Protect Your Venue Against the Unexpected

Protect your venue against the unexpected

In this life we live, one notion is relevant to everyone and that is - the unexpected is to be expected. The hospitality industry is, without a doubt, no exception. Liability matters are something all nightlife owners and operators must stay vigilant about in order to stay afloat.

Nightclub & Bar spoke with security consultant and 2015 Nightclub & Bar speaker, Al Zajic of AWZ Consulting, to learn how operators in the nightlife business can stay proactive and in the clear with the law.

Zajic lists the three most common, yet unexpected liability issues nightclubs and bars face today along with ways to anticipate this and respond effectively.

    1.    Glass/Bottle incidents: The most preventative method in this case would be simply to re-evaluate the negatives vs. positives on a non-glass venue; no glass, no glass fights.

    2.    Critical incidents such as fights: Re-evaluate line controls to include bag and weapon checks especially if there is a propensity in the venue.

    3.    Active Shooter Incidents: The best method to combat this situation is basic response training in active shooter and DHS "Run, Hide, Fight" training to protect customers.

There are also general precautions every nightclub and bar should take in order to stay preemptive towards their business. Zajic suggests making sure operators have a documented policy and procedure for anything that commonly occurs in that particular venue. Also, it is a good idea to have your employee expectations documents and acknowledged.

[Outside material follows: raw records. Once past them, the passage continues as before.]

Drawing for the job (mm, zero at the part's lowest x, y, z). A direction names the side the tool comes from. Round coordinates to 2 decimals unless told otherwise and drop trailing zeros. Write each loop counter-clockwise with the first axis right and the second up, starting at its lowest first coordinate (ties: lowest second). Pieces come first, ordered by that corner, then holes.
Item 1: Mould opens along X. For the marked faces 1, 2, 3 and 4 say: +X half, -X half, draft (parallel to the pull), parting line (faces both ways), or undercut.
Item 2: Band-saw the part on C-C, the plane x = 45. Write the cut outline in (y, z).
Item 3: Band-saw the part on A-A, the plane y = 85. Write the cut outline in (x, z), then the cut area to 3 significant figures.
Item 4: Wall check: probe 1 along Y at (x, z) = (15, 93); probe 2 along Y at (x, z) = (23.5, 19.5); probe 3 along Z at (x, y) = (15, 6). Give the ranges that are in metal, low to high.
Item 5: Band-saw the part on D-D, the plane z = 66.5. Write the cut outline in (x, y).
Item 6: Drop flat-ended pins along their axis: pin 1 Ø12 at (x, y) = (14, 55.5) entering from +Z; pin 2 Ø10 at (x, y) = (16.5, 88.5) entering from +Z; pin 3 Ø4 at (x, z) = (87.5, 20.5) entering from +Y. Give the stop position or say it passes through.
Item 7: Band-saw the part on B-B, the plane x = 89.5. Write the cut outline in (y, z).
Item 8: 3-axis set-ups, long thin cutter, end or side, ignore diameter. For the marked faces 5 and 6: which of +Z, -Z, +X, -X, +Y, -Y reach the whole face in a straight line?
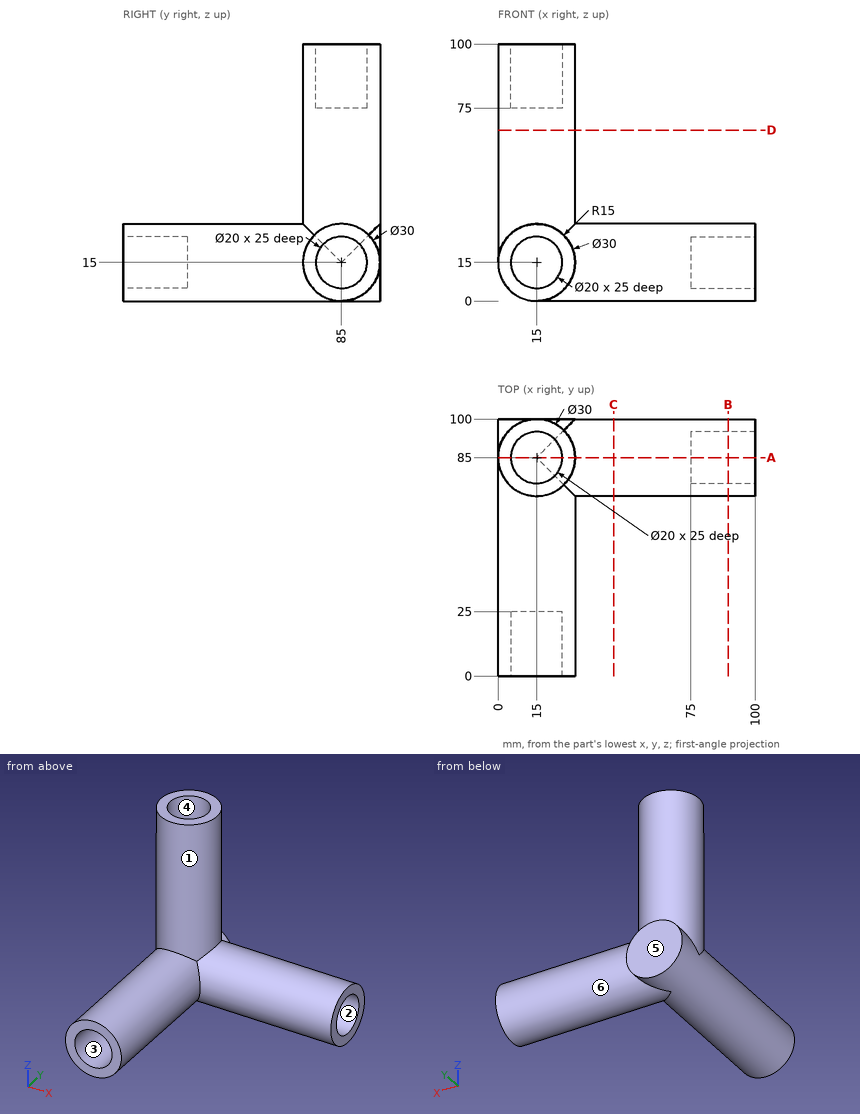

Be sure to train beyond mandatory alcohol awareness. Managers must make sure all employees are part of the security system by using their eyes and ears, monitoring and reporting incidents or suspicious activity, etc.  Zajic advises managers to have a daily staff meeting before opening the doors to cover at least one safety related topic each night and log what you do.

Many people go into business for different reasons, however, all bar professionals have a common goal - to stay in business and make money. At times this can be easier said than done. In order to achieve and maintain success managing social behavior is necessary. Zajic explains this is to make sure to avoid negative perceptions by the general public and law enforcement.

“Do what is reasonable for the venue,” reminds Zajic. “Make sure you invite in local law enforcement or business licensing officials to help in your training of staff and to demonstrate your professionalism.